An attendance record of 5,806 spectators at Kokkola's keskuskenttä took place in a top division match in 1969 between KPV and HJK.

The current spectator capacity of the Central Field is 3,000. It is divided into a covered stand for 686 spectators and a new covered stand for 816 spectators. There are also uncovered stands ("sun stands") at the ends. The original natural grass field was not heated, and the stadium had no lighting. In the 2020 renovation of the Central Field, the natural grass was replaced with heated artificial turf. At the same time, the field was enlarged to dimensions of 105 m × 68 m.

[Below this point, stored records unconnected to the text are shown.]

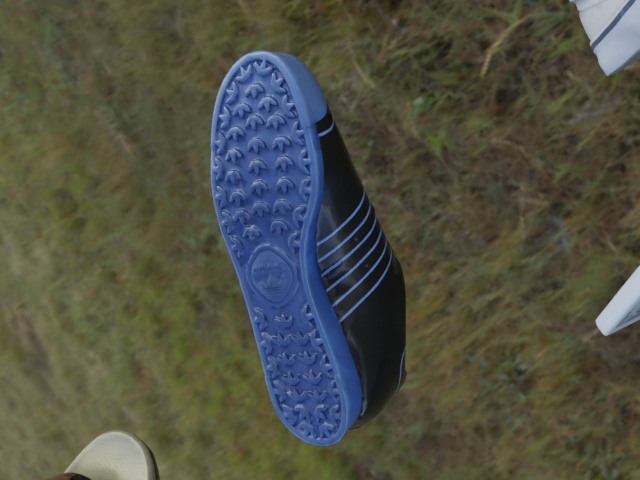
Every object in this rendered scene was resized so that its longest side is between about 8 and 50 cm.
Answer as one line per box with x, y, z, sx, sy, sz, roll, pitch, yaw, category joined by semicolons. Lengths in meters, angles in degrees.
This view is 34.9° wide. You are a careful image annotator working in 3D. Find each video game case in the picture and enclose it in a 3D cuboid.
0.355;0.017;0.929;0.023;0.183;0.201;62;173;19;video game case

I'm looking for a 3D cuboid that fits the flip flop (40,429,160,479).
-0.230;0.243;0.794;0.112;0.277;0.080;12;128;35;flip flop

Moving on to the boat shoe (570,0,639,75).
0.274;-0.256;0.817;0.157;0.135;0.367;59;180;4;boat shoe

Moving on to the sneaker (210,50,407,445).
0.000;0.000;0.609;0.081;0.090;0.232;0;104;36;sneaker
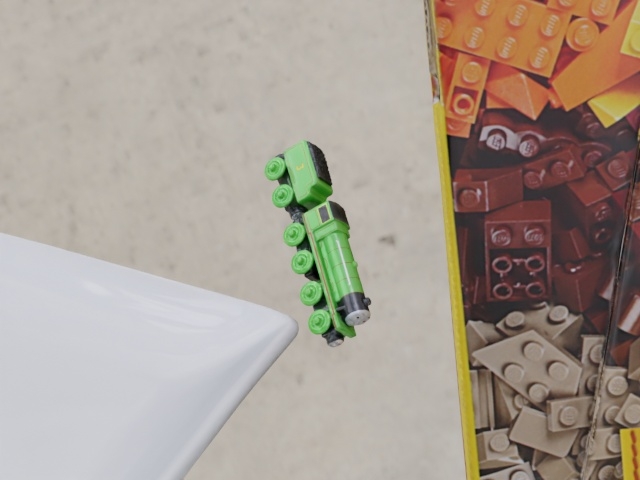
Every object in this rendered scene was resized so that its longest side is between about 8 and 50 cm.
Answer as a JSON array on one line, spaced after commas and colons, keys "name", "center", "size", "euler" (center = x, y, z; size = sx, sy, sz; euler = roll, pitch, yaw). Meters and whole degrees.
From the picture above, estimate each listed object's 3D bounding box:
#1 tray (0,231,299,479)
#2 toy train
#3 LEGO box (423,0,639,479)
[{"name": "tray", "center": [-0.105, 0.050, 0.383], "size": [0.145, 0.030, 0.270], "euler": [14, 18, 10]}, {"name": "toy train", "center": [0.000, 0.000, 0.632], "size": [0.023, 0.017, 0.083], "euler": [-29, 59, 20]}, {"name": "LEGO box", "center": [0.150, -0.042, 0.794], "size": [0.193, 0.373, 0.500], "euler": [-6, 15, 4]}]

KPV's promotion to the Veikkausliiga for the 2019 season forced the club to develop the conditions at the Central Field. In November 2018, Kokkola's city board announced it would propose investments of approximately €900,000 to the city council. Of this, €700,000 from the 2019 budget was allocated for covered seating and minor field improvements. Playing in the Veikkausliiga requires, for example, covered seating for at least 1,500 people; the league-required lighting was scheduled to arrive at the Central Field only in 2020. Due to the lack of lights, the autumn 2018 promotion playoff match KPV–TPS had to start on Wednesday already at 2 p.m. In November 2019, Kokkola's city council unanimously decided to acquire lighting for the Central Field for the 2020 season.